My domain is a few months older.
It make me wonder whether hes done something "else" which I havent done - may be theres another OFFSITE factor other than links which is boosting him - which is not something which shows up on Yahoo site explorer - or the link: on google.
From my observations (and they are around my own sites and competitors - so not a very broad observation Im afraid to admit) but anyway from my observations - there is another piece of SEO which isnt links, validating, site structure, semantics, bounce rate, adwords, adsense, domain age, domain name, TLD, KWDensity, Title Tag, news, articles.
Its something else.
Its out there somewhere but I cannot for the life of me find it - but people are doing it and beating the serps in a very stylish and puzzling way.
Whatever it is - it is my submission as my number 1 thing for SEO - its a year old maybe 2.
What is it?
| 9:03 pm on Feb 9, 2011 (gmt 0)|
I admit I don't know much of anything about link development, and my efforts have been paltry at best. But I haven't had too much trouble with organics, either for myself or my clients. YMMV.

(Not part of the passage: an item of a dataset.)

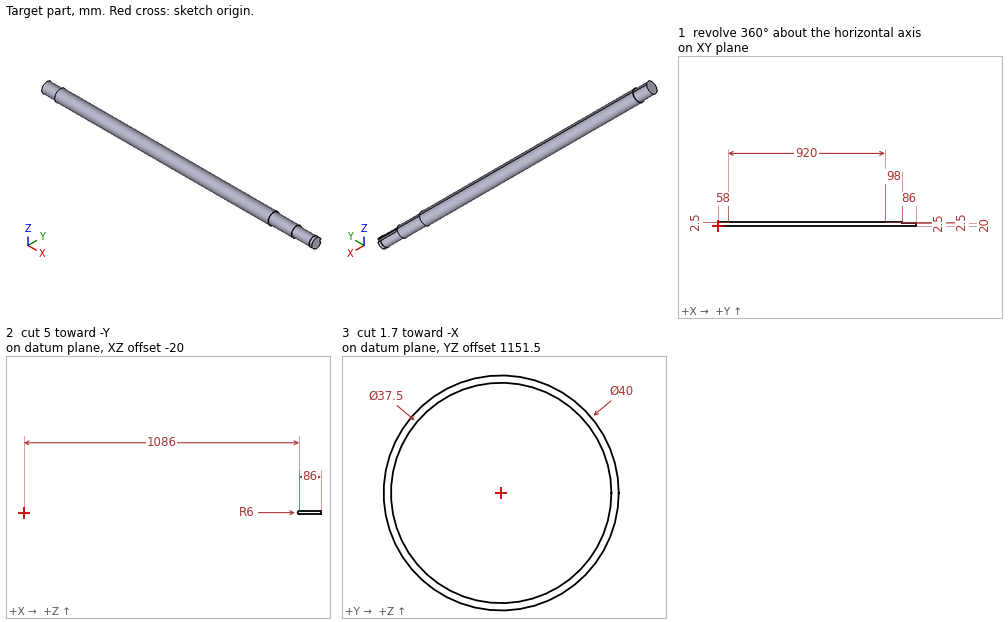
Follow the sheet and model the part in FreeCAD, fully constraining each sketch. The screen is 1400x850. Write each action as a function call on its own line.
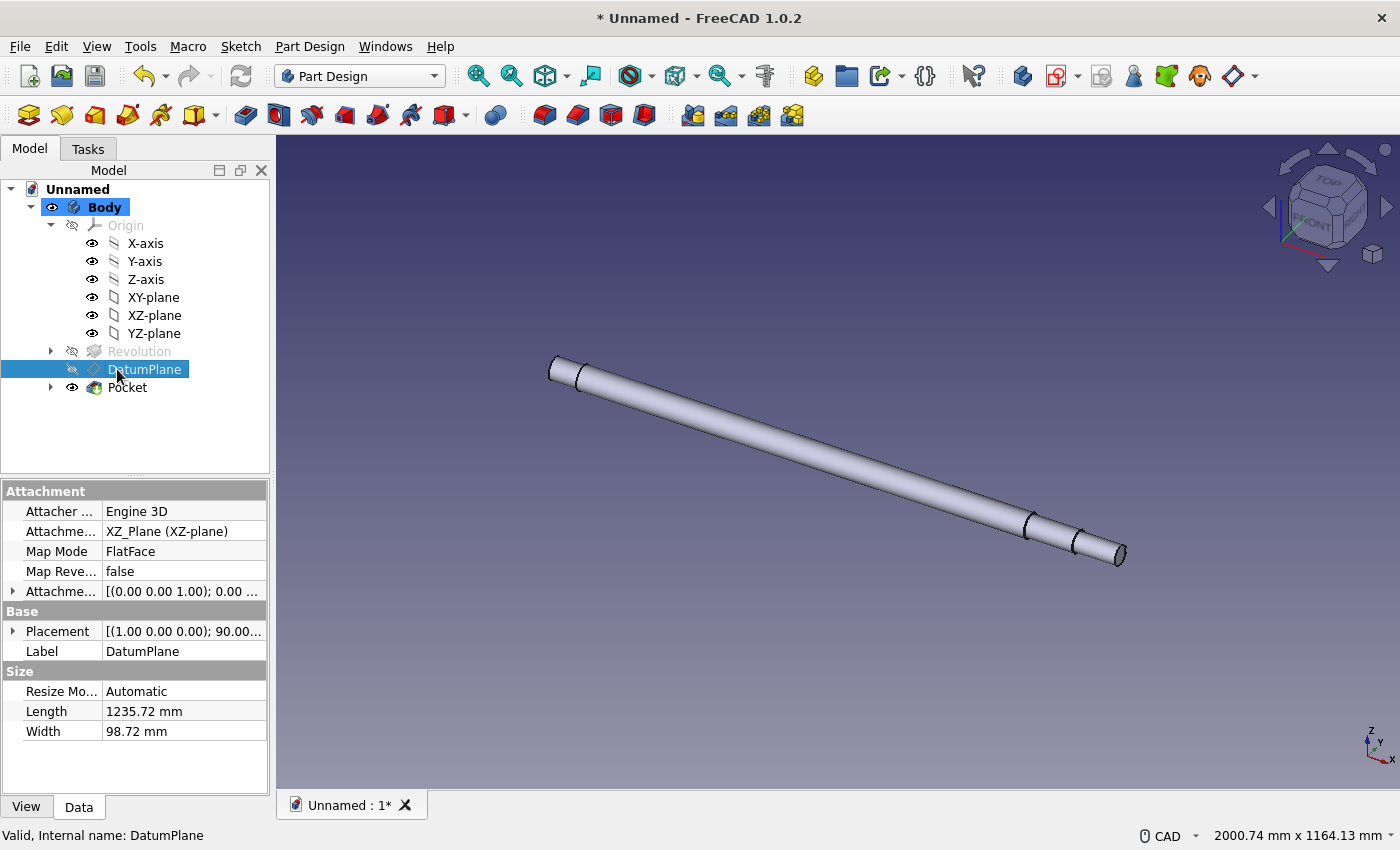
click(137, 333)

| 9:35 pm on Feb 9, 2011 (gmt 0)|
I agree it's all about the copy. Kinda like the Kevin Costner statement in a movie "If you build it, they will come."
|good content to keep people on your site and convert. Without some content your usage data will be poor |
I couldn't agree more.
|Social networking is one of the best seo strategy |
I wish I had thought of that.... JK Seriously, Welcome to the hood.
|People convert, SE's do not |
But if it weren't for the SE's we would never get in front of the people.
|Little bit of adsense, little bit of SEO, little bit of direct ad sales, little bit of direct sales, all wrapped up makes for stable income. |
That sounds like a good solid plan. ;)
|If visitors are looking for a topic, then we ought to have something for them. |
I know, We can make some serious cha-ching cha-ching.
I would have to disagree with you and say that quality, authoritative content is and always will be king. It's then becomes a matter of getting it found. Now, that's where the waters become a little cloudy.
If you had to wear a hat would it be black or white?
| 10:21 pm on Feb 9, 2011 (gmt 0)|
The best SEO is to prepare for non search engine traffic.
I say that because your time should be focused on producing the highest quality content you can and let the search engines figure out how to recognize it's just that, the best out there.
If the search engines can't it looks badly on them, not you. Build sites for people, not engines.
If/when you feel like it's time to hire an SEO, hire the best you can afford just like you would with a contractor or mechanic. SEO isn't for the newb anymore and there is no "just one thing", everything is interconnected in ways the average jane/joe can't get their head around.
By concentrating on content instead of do-it-yourself SEO you make your SEO's job much easier too.
| 10:32 pm on Feb 9, 2011 (gmt 0)|
The single most important thing is your content. Period.
But, that not a useful answer. But, the other posts here are great. The fundamentals do apply. Great thread.